LPGA ready for major challenge of Olympia Fields

SHARE LPGA ready for major challenge of Olympia Fields
SHARE LPGA ready for major challenge of Olympia Fields

In hindsight, it might have made more sense to play the Women’s PGA Championship at fescue-laden Erin Hills, a marvelous but new course that produced a U.S. Open that left many golf fans unsatisfied. Erin Hills wiped out a cache of superstars before the weekend, then yielded low scores to relative unknowns.

But hats off to the USGA for thinking outside the box and taking on another new venue, rather than returning the U.S. Open to Olympia Fields, where Jim Furyk won in 2003.

Meanwhile, the KPMG Women’s PGA will begin Thursday at historic Olympia Fields. And good for the women. They’re excited to be on a course that has hosted four men’s majors.
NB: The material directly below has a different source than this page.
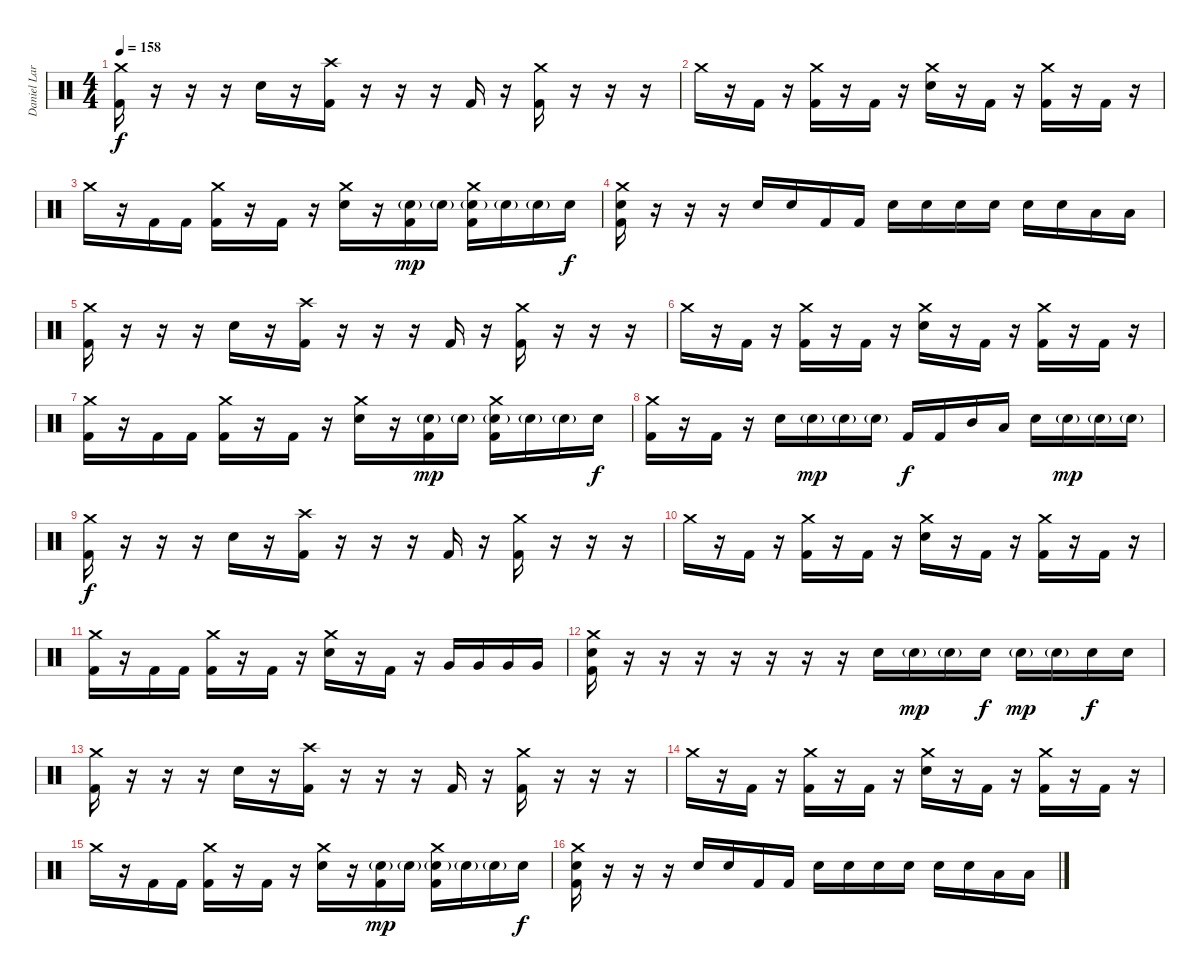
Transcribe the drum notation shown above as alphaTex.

And golf fans should be intrigued.

“Having the history of the men playing here, it’s a big deal for us to be here,’’ said Stacy Lewis, who, like Phil Mickelson, has a sponsorship agreement with KPMG, an auditing/tax advisory firm. “That was one of the stipulations I gave KPMG. We need to be on golf courses we historically have not played. Sahalee last year was unreal. It was probably one of the hardest setups we had all year. It truly tested all your game. And I’m sure we’ll get that again this year.’’

The Women’s PGA will be played at Kemper Lakes in 2018 and at Hazeltine in 2019, two more courses that have hosted men’s majors.
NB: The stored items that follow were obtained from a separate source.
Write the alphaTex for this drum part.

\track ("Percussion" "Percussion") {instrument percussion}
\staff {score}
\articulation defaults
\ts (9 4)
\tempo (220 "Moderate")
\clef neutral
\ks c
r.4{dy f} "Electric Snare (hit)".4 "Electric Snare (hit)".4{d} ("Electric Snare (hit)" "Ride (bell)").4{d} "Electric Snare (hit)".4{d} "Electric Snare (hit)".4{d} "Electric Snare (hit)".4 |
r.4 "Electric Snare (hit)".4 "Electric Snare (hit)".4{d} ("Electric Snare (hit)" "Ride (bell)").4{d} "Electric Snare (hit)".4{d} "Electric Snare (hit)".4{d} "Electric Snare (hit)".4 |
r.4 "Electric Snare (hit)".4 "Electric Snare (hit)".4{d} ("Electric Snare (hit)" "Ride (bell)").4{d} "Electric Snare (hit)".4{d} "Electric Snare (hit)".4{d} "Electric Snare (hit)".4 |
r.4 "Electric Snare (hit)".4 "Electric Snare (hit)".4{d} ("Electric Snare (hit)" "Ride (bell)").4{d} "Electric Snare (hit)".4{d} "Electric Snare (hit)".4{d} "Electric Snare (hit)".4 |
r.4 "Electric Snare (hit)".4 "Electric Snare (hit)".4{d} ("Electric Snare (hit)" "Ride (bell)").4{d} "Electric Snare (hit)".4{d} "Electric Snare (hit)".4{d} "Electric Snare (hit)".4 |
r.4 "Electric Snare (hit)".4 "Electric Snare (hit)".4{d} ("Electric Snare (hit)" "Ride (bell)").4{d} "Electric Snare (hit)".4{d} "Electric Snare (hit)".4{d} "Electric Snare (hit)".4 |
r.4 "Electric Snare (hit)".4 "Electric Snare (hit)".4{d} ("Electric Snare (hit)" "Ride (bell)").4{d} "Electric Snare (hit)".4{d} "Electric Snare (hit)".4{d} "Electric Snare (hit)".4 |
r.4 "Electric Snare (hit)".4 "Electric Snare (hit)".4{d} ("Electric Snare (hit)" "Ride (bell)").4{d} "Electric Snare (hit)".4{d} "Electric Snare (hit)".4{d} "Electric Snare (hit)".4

Will Chicago embrace the women’s game this week? We’ll find out.

Olympia Fields is more spectator-friendly than rugged Erin Hills. It’s also closer to the potentially huge golf-fan base of Chicago.

This is a big year for spectator golf in the Chi-waukee corridor, with the Women’s PGA sandwiched between Erin Hills and the BMW Championship, coming up in September.

The field here is as good as it gets. The top 100 players on the LPGA money list all will be competing at the 6,588-yard, par-71 Olympia Fields North Course.

Lexi Thompson, who has won once and finished second three times in her last six LPGA starts, has been set as an 8-1 favorite by Ladbrokes.com.

That streak began with the year’s first major, the ANA Inspiration (formerly known as the Dinah Shore), which she lost in a playoff March 30 after a controversial four-stroke penalty for marking her ball improperly.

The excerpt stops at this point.